As social media tools come of age, however, intranets are quickly transitioning from their traditional roles - closed and inflexible to collaboration and innovation - to something remarkably different.

To be sure, intranets aren’t exactly going away, but leading companies are taking a closer look at how their internal systems most effectively utilize available talent. Social networking, remote networks, cloud computing and other “out of the box” technologies are further prompting executives to innovate new ways of getting an internal dialogue started.
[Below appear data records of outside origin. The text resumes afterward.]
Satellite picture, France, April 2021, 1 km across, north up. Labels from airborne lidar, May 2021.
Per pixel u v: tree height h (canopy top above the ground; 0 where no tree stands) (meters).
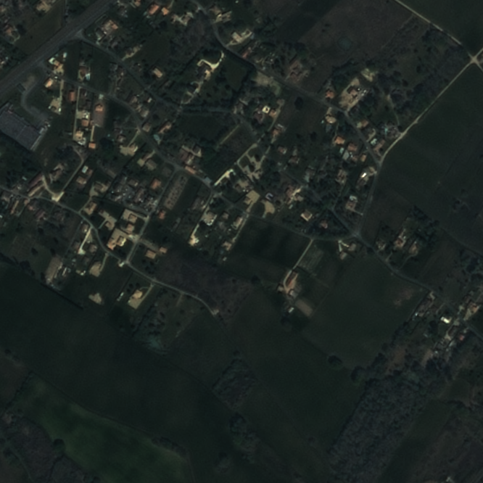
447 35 14
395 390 19
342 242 0
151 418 0
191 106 7
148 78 18
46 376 0
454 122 0
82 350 0
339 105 0
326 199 16
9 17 6
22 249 0
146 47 0
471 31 0
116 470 0
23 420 6
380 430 21
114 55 0
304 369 0
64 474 11
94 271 0
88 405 0
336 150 0
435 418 0
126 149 0
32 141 0
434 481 0
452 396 0
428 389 15
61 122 0
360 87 0
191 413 0
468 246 0
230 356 0
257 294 0
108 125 0
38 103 0
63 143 0
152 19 0
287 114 0
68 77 0
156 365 0
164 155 6
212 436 0
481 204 0
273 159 0
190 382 0
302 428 0
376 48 0
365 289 0
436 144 0
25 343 0
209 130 0
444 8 0
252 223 0
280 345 0
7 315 0
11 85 0
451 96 0
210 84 0
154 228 0
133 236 0
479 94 0
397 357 11
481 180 0
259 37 17
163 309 0
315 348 0
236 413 0
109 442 0
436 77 15
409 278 0
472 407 10
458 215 0
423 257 0
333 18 0
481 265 9
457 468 0
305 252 0
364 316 0
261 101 13
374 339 0
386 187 0
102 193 8
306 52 18
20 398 6
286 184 6
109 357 0
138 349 0
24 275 0
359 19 0
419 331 0
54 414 0
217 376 0
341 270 0
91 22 0
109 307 0
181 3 0
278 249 0
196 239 0
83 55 8
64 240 13
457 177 0
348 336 0
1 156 0
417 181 0
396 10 0
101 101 0
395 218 0
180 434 0
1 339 0
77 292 0
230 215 6
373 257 9
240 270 0
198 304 0
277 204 15
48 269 0
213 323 0
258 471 0
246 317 0
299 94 0
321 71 0
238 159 0
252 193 0
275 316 0
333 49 0
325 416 0
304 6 0
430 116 0
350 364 0
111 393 0
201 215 0
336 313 0
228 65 0
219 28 0
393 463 0
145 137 0
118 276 0
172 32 0
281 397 0
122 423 0
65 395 0
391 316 0
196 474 0
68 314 0
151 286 0
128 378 0
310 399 0
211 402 0
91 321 0
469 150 0
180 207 0
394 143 0
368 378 9
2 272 0
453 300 0
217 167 15
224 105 6
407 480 0
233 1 0
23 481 0
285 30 0
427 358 0
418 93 19
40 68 0
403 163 0
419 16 0
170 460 0
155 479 0
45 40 0
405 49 8
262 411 0
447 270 0
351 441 17
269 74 0
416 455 0
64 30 0
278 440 0
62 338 0
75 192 0
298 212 6
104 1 0
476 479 0
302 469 0
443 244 0
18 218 0
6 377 0
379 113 0
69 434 0
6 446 12
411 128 0
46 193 10
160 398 0
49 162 0
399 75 14
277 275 0
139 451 0
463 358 14
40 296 0
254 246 0
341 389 0
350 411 0
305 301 0
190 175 0
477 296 0
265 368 0
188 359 0
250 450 11
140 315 0

Since the 1990s, Joe Schueller has seen Procter & Gamble’s (P&G) intranet shift from a simple information catalog to more of a broadcast tool. As manager of P&G’s global business services and IT innovation unit, Schueller is well acquainted with how a company intranet can impact development. “There has been a shift in our intranet. In the mid to late ’90s the intranet was designed for an information catalog. It was a less user-centric approach,” Schueller says. “The amount of change in our business made taxonomy management a real challenge. So our intranet has since shifted to more of a broadcast tool with more transactional uses.”
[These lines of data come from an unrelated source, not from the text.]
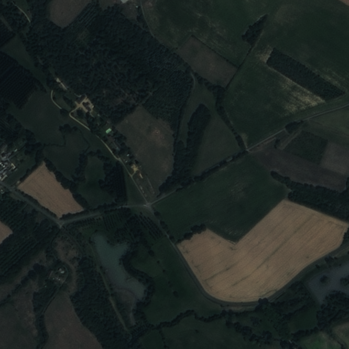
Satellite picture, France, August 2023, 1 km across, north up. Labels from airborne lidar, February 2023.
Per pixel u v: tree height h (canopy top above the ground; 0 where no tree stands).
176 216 0
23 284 14
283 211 0
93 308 22
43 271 17
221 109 14
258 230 0
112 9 9
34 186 0
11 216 6
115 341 24
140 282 10
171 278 0
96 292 20
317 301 0
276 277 0
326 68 0
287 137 0
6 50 0
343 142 0
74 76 21
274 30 0
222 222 0
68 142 0
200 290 0
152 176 0
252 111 0
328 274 0
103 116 19
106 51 26
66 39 12
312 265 0
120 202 17
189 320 0
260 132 0
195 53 0
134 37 19
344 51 0
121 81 27
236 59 0
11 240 16
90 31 11
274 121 0
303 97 0
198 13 0
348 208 15
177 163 17
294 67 8
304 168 0
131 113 12
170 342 0
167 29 0
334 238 0
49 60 16
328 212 16
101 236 0
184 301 0
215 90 18
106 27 14
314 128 0
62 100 0
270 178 0
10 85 28
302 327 0
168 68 14
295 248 0
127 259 16
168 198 0
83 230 0
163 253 0
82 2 0
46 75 10
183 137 0
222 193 0
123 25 19
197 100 0
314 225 0
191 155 19
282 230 0
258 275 0
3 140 16
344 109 0
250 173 0
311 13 0
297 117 0
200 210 0
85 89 17
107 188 18
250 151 0
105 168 15
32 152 15
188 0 0
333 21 0
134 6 0
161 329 15
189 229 0
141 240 15
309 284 0
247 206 0
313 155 0
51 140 0
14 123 25
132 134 0
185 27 0
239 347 0
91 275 17
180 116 8
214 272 0
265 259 0
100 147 0
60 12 0
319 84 6
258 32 9
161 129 0
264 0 0
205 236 0
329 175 0
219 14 0
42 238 14
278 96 0
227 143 0
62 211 0
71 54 17
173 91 7
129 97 24
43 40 20
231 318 25
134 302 0
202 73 0
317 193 15
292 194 13
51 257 7
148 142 0
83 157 19
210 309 0
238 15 0
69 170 0
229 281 0
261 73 0
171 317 0
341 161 0
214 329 0
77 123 0
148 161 0
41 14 15
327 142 0
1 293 0
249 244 0
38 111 0
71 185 17
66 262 0
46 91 23
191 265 0
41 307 12
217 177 0
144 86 24
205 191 0
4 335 0
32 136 20
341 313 9
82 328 0
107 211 10
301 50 0
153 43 18
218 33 0
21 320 0
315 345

The big shift in P&G’s intranet occurred about two years ago when social technologies were introduced into the system. The idea, Schueller says, was to connect P&G employees in a spirit of development. The push was branded PeopleConnect.

“With 138,000 employees, how do you capture and leverage the knowledge that you have?” Schueller says. “There were smaller communities that existed informally that were now raising their voices.”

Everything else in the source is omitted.